Le remplacement systématique d’un AOD par un autre, ou le passage d’un AOD à un antagoniste de la vitamine K, n’est pas recommandé, car leur efficacité n’est pas démontrée. Un changement peut être justifié pour une raison individuelle, notamment une interaction médicamenteuse cliniquement importante, mais les données observationnelles suggèrent une réduction seulement limitée du risque d’AVC ischémique récidivant. L’ajout d’un antiplaquettaire à l’anticoagulation peut augmenter le risque hémorragique et ne doit pas être réalisé systématiquement.
Cadre thérapeutique fondé sur les recommandations
Les principales recommandations peuvent être résumées comme suit :
Les patients atteints de FA dont le risque annuel estimé d’AVC ou de thromboembolie est supérieur à 2% doivent recevoir un traitement de prévention de l’AVC choisi en fonction du risque thromboembolique, indépendamment de la forme de FA.
L’anticoagulation orale constitue le traitement préventif de référence chez les patients qui en relèvent.
Les antiplaquettaires seuls ne constituent pas une alternative à l’anticoagulation pour la prévention des AVC liés à la FA.
Les risques thromboembolique et hémorragique, la fonction rénale, l’observance et la posologie doivent être réévalués périodiquement.
La warfarine est nécessaire en cas de sténose mitrale rhumatismale et de valves cardiaques mécaniques.
Les AOD sont généralement plus simples à administrer dans la FA non valvulaire et présentent, dans le document source, un risque plus faible d’hémorragie intracrânienne que la warfarine.
Les associations anticoagulant–antiplaquettaire doivent être limitées à certains patients ayant une indication vasculaire indépendante.
L’anticoagulation autour de l’ablation de la FA doit être poursuivie sans interruption pendant la procédure, maintenue pendant au moins 2 mois après celle-ci, puis guidée par le risque d’AVC plutôt que par le succès rythmique apparent.
La fermeture de l’auricule gauche peut être envisagée lorsque l’anticoagulation au long cours n’est pas adaptée en raison d’un risque hémorragique important.
Après un AVC survenu malgré l’anticoagulation, rechercher l’observance, la posologie, les interactions, l’effet anticoagulant et les mécanismes concurrents de l’AVC avant de modifier le traitement.
Pronostic et suivi
La FA confère un risque durable d’AVC et d’embolie systémique, y compris chez les patients présentant une FA paroxystique ou des épisodes apparemment peu fréquents. Les patients présentant une FA au cours d’un syndrome coronarien aigu ont un pronostic à court et à long terme moins favorable que ceux qui restent en rythme sinusal. Même une FA transitoire, spontanément résolutive, au cours d’un infarctus du myocarde avec sus-décalage du segment ST peut être associée à une augmentation du risque d’AVC à long terme.
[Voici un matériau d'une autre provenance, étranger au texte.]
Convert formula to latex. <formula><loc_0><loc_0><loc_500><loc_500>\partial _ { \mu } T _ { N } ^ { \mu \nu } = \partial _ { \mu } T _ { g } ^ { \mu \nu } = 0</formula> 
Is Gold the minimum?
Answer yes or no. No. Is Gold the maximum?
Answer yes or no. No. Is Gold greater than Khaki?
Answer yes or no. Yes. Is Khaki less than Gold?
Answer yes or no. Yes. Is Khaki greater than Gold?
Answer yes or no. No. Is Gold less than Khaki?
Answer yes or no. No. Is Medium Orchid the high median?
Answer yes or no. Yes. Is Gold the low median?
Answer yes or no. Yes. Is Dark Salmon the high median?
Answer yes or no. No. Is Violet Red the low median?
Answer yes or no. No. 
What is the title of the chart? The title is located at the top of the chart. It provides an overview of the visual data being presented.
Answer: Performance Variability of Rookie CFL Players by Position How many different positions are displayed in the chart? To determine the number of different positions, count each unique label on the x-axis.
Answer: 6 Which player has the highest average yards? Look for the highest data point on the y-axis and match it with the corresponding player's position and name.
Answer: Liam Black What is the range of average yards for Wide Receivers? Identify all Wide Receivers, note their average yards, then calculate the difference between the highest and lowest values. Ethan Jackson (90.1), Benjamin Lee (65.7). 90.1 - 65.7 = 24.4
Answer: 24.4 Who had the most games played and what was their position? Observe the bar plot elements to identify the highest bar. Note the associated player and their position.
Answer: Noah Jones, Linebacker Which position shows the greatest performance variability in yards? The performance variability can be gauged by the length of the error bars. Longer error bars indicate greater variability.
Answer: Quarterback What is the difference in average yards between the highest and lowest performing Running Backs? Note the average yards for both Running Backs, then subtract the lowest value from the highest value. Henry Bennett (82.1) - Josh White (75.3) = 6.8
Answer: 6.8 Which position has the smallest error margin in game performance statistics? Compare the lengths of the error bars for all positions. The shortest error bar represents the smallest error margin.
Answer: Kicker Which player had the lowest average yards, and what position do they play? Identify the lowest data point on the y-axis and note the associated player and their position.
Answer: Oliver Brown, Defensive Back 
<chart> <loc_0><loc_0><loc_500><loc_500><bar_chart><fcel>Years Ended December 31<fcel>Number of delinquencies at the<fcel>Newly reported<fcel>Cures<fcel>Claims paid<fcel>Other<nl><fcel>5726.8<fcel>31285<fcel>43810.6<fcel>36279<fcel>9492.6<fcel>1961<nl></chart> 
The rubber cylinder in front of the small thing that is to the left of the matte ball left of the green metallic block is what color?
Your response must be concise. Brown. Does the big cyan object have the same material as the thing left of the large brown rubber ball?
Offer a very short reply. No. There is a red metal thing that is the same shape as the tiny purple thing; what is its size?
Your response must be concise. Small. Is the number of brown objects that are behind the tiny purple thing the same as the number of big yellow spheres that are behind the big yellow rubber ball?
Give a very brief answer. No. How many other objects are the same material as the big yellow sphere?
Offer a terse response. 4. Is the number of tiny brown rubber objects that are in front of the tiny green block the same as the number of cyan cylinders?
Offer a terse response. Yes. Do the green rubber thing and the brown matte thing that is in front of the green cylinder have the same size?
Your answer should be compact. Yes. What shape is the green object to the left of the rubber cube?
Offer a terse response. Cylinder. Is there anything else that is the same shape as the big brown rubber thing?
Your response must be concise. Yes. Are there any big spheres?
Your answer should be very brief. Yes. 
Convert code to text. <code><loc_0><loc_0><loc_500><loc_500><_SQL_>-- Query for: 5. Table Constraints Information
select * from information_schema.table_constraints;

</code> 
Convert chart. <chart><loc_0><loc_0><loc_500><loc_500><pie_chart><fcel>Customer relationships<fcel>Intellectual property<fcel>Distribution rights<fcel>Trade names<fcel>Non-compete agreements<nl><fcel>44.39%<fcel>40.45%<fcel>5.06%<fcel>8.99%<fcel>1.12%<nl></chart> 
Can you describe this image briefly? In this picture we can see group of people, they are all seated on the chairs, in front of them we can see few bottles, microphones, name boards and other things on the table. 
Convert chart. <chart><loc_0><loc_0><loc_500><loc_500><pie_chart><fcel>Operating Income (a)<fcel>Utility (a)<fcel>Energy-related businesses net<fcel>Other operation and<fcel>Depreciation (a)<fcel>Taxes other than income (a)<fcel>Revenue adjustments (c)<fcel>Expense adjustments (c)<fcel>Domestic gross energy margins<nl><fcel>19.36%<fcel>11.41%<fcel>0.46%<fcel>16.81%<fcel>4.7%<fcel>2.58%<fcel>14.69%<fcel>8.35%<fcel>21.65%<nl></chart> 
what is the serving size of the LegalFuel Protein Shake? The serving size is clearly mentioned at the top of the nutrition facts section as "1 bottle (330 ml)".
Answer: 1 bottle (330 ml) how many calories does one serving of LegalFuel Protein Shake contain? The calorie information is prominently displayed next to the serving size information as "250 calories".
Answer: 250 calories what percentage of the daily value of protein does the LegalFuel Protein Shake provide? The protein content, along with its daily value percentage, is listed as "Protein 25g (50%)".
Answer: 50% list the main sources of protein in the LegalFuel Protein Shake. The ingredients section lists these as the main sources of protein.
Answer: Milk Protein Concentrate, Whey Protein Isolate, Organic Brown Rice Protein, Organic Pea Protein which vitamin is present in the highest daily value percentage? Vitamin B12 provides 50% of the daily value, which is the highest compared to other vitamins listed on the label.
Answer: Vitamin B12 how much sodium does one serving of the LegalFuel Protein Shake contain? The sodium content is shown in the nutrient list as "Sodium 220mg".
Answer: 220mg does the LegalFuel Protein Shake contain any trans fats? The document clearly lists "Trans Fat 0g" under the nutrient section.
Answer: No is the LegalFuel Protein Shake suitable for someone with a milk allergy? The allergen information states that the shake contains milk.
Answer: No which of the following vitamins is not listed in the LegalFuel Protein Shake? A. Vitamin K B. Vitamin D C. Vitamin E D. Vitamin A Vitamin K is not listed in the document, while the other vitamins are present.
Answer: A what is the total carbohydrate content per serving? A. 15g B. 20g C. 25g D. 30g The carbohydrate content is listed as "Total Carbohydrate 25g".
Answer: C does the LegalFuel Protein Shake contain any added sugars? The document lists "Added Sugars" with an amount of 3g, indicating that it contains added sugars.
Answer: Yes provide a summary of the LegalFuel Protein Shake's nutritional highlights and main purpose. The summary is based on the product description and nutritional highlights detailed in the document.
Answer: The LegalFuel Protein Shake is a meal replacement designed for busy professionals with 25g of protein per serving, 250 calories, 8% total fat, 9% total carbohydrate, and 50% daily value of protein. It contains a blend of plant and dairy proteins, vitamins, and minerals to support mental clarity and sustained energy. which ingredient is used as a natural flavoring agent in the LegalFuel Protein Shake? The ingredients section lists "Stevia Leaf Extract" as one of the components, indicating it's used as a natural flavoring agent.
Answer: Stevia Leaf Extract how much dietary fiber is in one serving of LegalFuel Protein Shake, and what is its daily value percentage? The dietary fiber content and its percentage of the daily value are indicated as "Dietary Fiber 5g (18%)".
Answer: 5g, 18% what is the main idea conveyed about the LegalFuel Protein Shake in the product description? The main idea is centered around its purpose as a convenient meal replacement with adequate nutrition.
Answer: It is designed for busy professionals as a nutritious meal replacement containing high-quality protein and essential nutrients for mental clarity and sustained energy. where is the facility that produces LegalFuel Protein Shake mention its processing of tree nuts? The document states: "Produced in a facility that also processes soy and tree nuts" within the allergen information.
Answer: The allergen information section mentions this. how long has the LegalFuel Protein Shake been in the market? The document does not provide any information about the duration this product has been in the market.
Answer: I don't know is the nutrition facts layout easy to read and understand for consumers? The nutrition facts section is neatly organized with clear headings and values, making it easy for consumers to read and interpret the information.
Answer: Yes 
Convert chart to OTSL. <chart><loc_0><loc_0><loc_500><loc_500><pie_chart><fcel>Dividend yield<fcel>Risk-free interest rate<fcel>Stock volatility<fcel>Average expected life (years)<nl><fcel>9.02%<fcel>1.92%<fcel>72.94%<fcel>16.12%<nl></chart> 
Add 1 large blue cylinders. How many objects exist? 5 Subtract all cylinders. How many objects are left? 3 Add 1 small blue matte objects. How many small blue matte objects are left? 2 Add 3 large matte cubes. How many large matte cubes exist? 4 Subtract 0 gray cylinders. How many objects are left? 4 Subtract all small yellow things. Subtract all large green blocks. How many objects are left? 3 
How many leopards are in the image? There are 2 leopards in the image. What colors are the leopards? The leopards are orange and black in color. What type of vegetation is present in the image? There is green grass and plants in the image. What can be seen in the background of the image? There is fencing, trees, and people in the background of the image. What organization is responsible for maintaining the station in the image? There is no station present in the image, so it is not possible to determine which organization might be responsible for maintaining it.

Le suivi doit être périodique et comporter une réévaluation des éléments suivants :
Le risque thromboembolique.
Le risque hémorragique et les facteurs hémorragiques modifiables.
La fonction rénale et hépatique lorsque cela est pertinent.
L’observance et les interactions médicamenteuses.
L’adéquation de la posologie anticoagulante.
La nécessité persistante d’un traitement antiplaquettaire concomitant.
L’apparition de nouvelles comorbidités vasculaires ou la survenue d’un AVC ou d’un AIT.
Les décisions d’anticoagulation ne doivent pas être fondées sur le succès perçu du contrôle du rythme ou de l’ablation. Après la période initiale suivant l’ablation, le traitement doit être poursuivi ou interrompu en fonction du profil de risque d’AVC du patient. La surveillance continue peut détecter une FA jusque-là méconnue, mais son rôle pour guider l’anticoagulation chez les patients à risque limite reste non résolu.